INPUT:
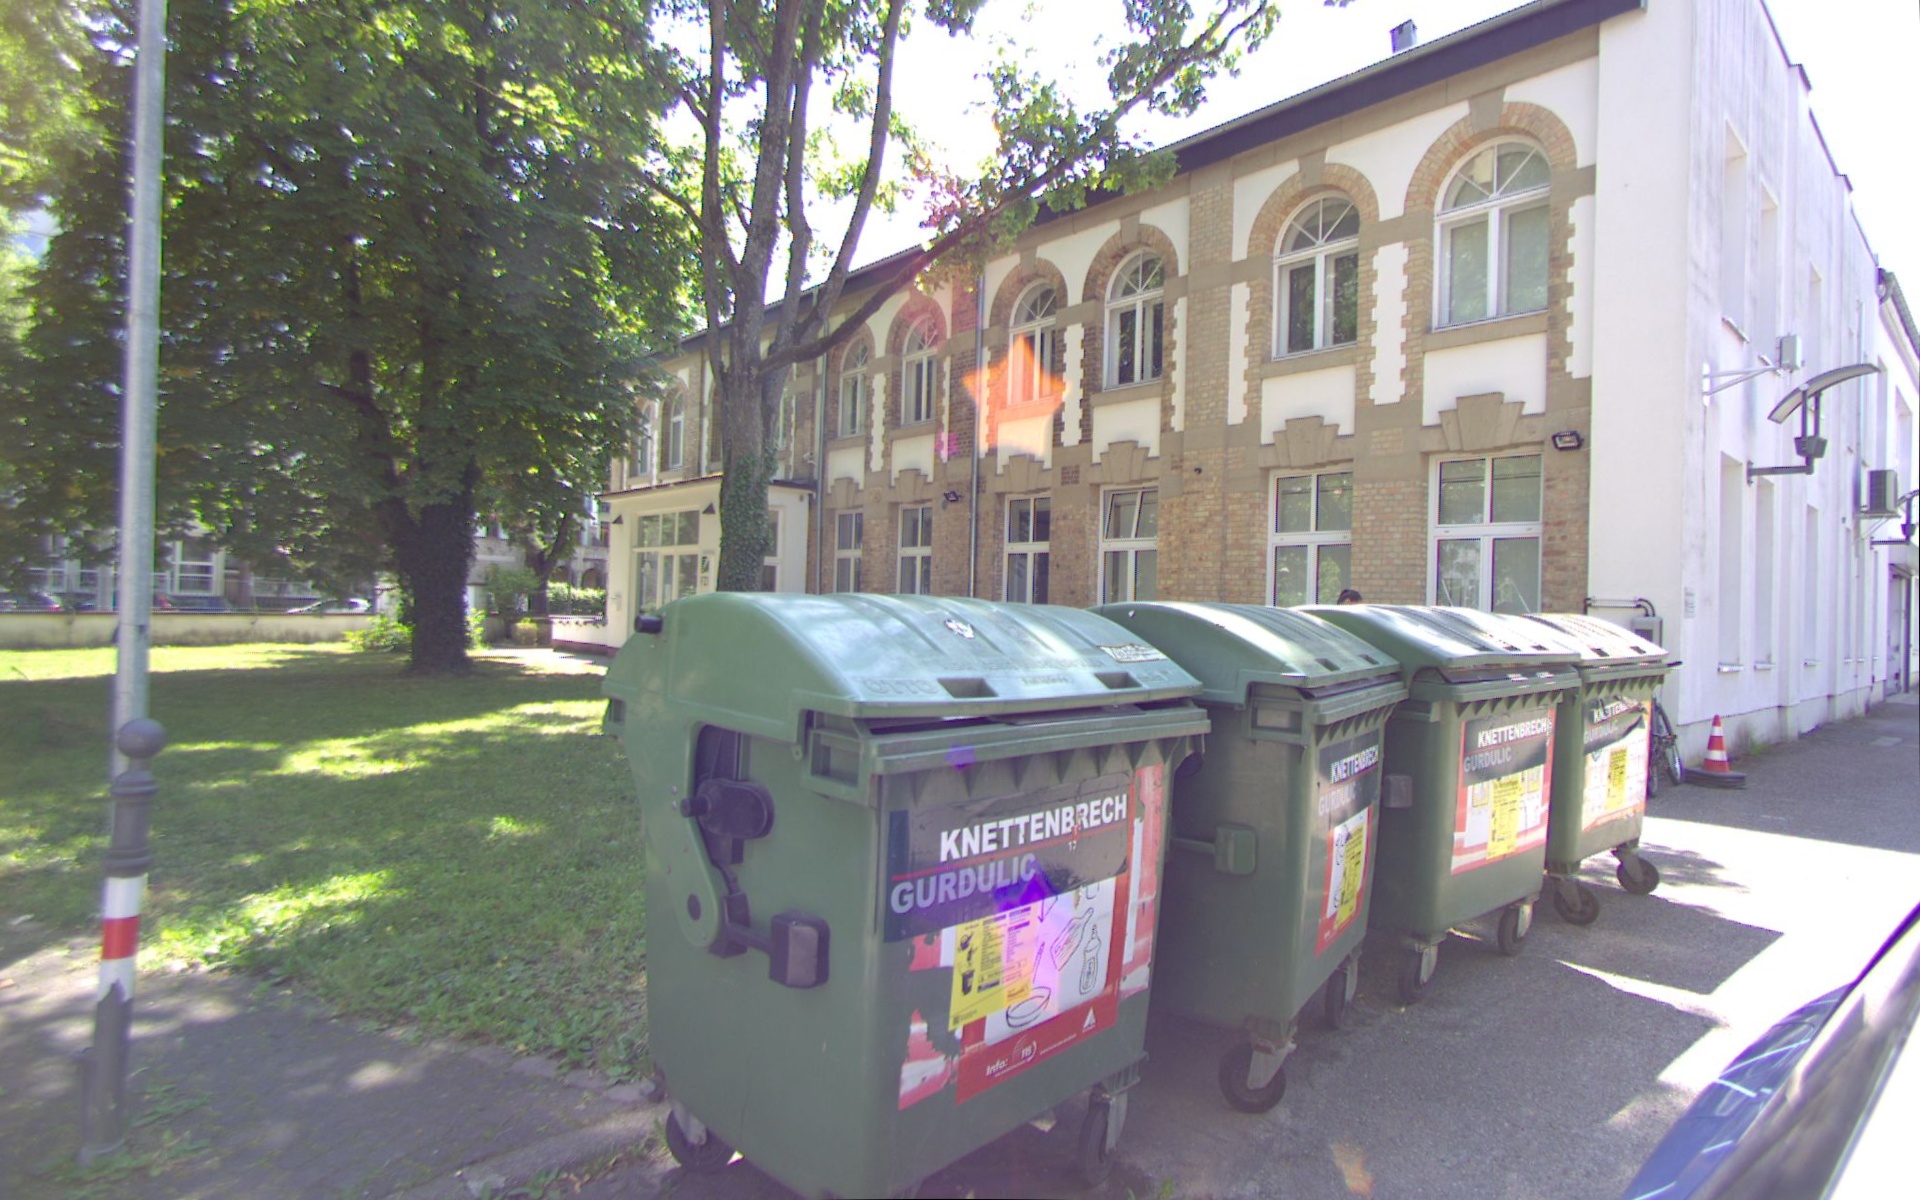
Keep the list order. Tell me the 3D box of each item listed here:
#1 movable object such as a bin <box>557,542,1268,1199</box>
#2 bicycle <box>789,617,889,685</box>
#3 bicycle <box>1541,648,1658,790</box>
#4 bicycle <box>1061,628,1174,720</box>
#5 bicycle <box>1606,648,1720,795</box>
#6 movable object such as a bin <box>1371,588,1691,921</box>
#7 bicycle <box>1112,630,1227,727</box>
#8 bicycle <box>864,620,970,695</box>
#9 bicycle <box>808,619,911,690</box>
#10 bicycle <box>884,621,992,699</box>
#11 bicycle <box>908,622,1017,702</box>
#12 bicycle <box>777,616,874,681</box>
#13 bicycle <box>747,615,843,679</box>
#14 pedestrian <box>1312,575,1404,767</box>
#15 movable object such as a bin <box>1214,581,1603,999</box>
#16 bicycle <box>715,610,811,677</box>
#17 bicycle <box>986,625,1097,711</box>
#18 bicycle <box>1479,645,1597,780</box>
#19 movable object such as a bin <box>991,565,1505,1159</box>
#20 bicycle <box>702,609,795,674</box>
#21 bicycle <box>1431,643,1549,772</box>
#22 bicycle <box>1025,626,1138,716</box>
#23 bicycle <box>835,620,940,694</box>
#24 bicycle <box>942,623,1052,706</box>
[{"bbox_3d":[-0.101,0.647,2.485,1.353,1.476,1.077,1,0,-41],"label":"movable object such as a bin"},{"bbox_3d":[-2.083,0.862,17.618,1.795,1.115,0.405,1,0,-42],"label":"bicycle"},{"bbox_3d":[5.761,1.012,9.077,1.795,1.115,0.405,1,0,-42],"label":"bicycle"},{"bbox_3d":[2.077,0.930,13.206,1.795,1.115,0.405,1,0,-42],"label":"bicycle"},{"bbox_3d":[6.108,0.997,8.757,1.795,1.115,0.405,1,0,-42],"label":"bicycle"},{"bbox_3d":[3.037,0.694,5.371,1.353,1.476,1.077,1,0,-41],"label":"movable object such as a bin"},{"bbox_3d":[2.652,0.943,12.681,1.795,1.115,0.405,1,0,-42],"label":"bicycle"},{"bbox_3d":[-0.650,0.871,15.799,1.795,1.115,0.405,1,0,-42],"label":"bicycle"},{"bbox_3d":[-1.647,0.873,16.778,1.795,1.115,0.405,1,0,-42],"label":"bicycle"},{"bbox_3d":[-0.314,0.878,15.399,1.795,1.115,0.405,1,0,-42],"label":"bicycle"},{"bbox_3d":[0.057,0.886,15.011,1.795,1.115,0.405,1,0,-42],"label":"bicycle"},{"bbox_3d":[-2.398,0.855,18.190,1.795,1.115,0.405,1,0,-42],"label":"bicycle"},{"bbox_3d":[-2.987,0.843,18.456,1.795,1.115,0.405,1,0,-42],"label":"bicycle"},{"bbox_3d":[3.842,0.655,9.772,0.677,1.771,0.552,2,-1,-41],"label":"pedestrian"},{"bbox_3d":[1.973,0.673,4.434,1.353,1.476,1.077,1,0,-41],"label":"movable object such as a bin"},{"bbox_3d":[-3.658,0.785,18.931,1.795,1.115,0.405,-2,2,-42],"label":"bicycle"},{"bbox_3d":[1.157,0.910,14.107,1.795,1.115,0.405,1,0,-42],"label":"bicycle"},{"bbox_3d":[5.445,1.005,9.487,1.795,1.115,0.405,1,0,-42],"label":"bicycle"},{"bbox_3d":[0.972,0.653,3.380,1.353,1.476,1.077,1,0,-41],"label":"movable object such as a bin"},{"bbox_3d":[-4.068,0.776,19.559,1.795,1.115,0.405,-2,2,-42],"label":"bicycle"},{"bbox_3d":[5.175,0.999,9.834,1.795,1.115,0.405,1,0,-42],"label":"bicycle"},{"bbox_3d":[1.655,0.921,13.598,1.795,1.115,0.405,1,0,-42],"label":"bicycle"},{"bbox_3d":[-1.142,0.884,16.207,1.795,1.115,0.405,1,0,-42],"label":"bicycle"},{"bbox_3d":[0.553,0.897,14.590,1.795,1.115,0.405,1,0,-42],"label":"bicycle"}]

==

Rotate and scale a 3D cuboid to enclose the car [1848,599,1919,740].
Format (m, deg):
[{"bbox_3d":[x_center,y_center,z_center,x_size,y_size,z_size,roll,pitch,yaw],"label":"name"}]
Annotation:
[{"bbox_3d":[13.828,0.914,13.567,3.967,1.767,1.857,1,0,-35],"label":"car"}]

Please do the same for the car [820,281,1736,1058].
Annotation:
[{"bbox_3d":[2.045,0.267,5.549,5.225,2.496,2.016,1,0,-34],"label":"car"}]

---

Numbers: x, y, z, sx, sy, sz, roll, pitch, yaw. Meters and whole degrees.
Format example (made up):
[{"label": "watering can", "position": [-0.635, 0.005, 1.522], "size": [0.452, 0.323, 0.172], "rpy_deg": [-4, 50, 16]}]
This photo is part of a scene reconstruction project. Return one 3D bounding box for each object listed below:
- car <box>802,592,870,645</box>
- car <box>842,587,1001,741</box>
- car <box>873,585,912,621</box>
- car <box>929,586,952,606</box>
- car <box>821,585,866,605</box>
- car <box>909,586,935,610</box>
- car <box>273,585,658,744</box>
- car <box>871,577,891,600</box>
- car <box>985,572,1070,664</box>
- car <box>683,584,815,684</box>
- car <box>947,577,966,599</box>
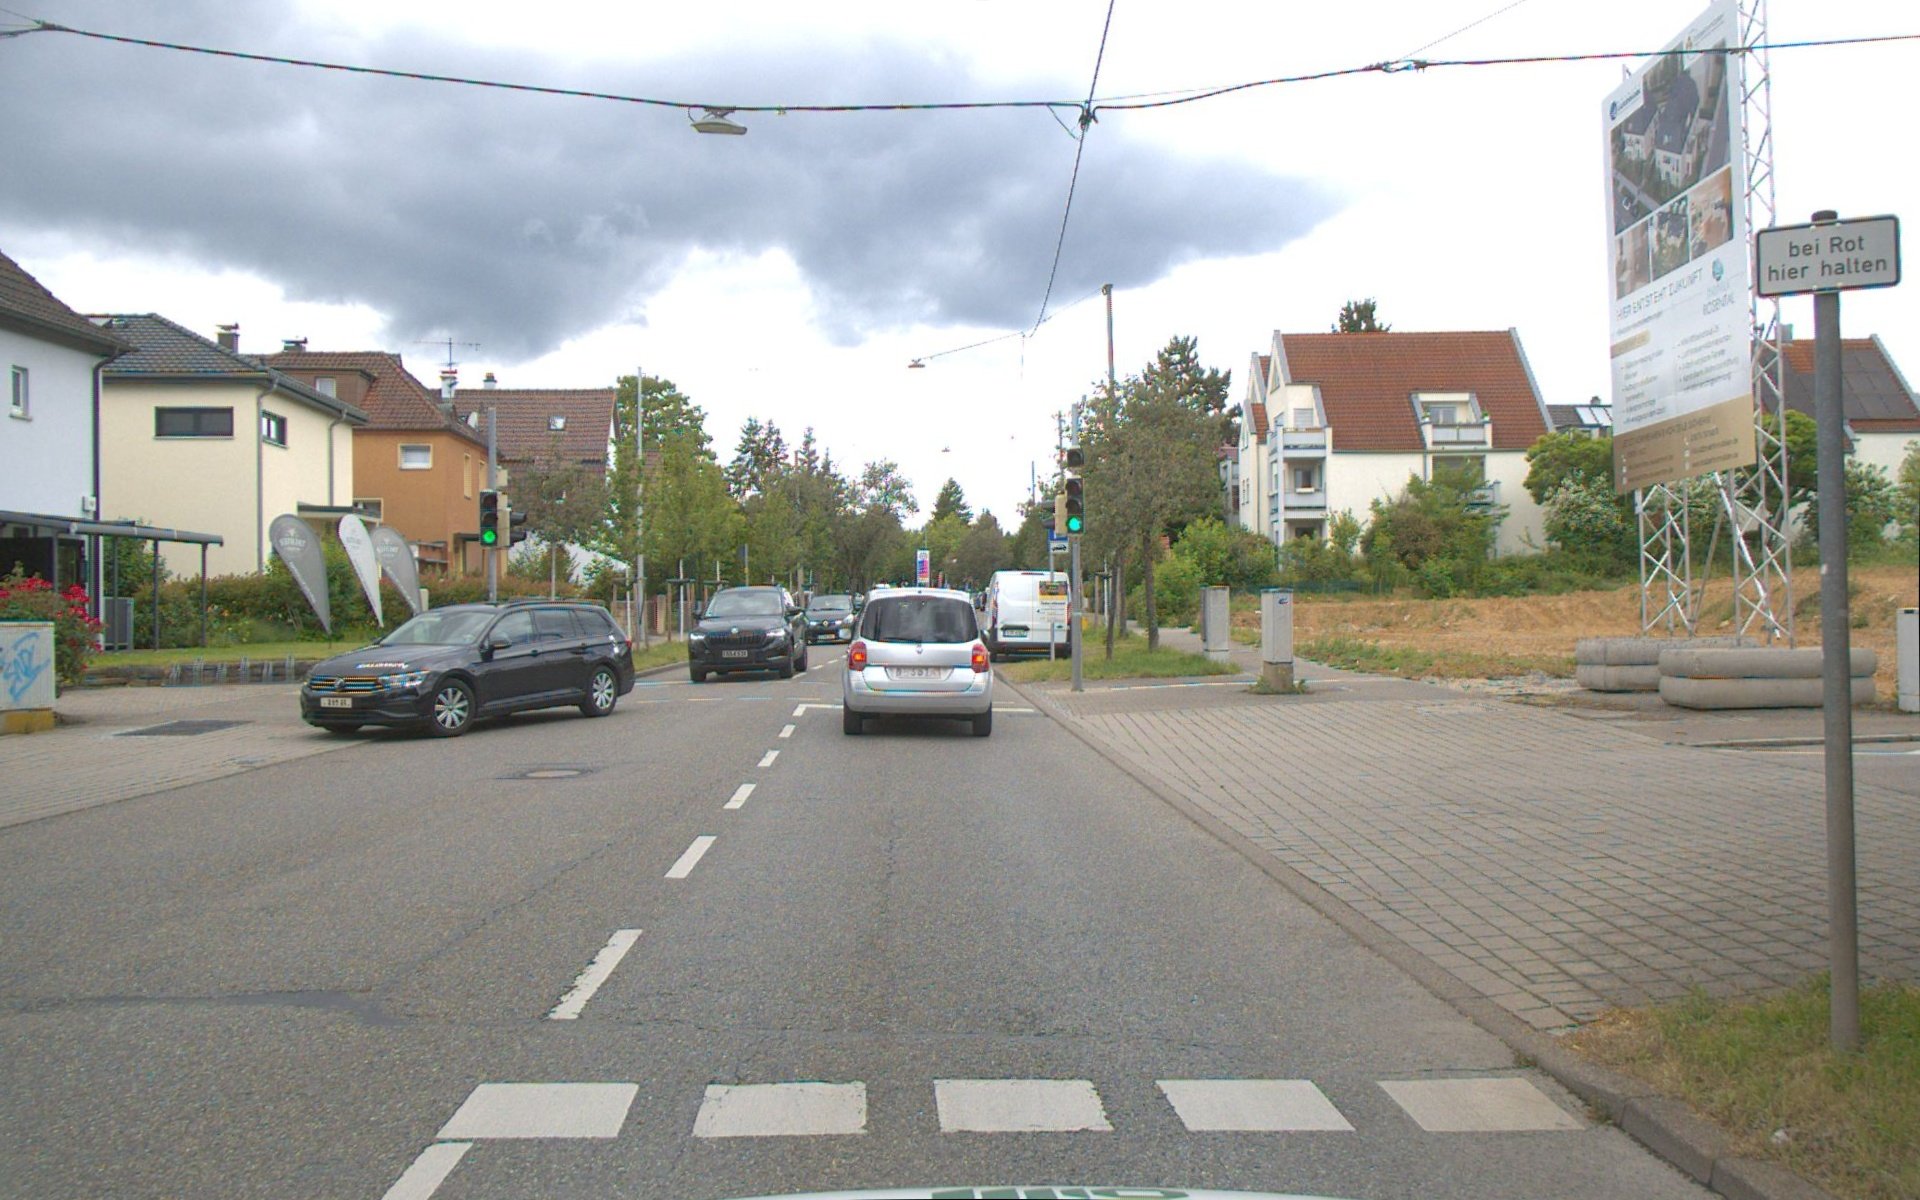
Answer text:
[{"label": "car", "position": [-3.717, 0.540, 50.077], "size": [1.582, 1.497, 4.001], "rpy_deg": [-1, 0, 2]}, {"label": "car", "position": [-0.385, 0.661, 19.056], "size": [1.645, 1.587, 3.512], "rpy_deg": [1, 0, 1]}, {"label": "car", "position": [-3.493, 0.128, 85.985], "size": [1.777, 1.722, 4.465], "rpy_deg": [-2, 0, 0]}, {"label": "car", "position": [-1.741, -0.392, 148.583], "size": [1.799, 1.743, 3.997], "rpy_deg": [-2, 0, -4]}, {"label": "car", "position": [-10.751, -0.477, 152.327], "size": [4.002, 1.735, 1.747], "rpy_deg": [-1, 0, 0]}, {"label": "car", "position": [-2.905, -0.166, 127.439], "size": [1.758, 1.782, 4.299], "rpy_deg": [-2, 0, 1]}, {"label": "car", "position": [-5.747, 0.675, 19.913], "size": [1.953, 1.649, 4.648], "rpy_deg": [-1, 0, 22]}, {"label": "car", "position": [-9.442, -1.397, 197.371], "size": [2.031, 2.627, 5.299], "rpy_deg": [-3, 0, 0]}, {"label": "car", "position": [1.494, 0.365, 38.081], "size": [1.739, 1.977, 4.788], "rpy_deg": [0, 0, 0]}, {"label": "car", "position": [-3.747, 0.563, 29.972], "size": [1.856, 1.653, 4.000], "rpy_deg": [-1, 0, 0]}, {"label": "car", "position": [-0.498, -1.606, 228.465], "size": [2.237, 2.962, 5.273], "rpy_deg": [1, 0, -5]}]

TASK REQUIREMENTS: Using the listing above, copy exactly the line that contains "- car <box>873,585,912,621</box>", the line that contains "- car <box>947,577,966,599</box>", and each line that falls between them.

YOUR SOLUTION:
- car <box>873,585,912,621</box>
- car <box>929,586,952,606</box>
- car <box>821,585,866,605</box>
- car <box>909,586,935,610</box>
- car <box>273,585,658,744</box>
- car <box>871,577,891,600</box>
- car <box>985,572,1070,664</box>
- car <box>683,584,815,684</box>
- car <box>947,577,966,599</box>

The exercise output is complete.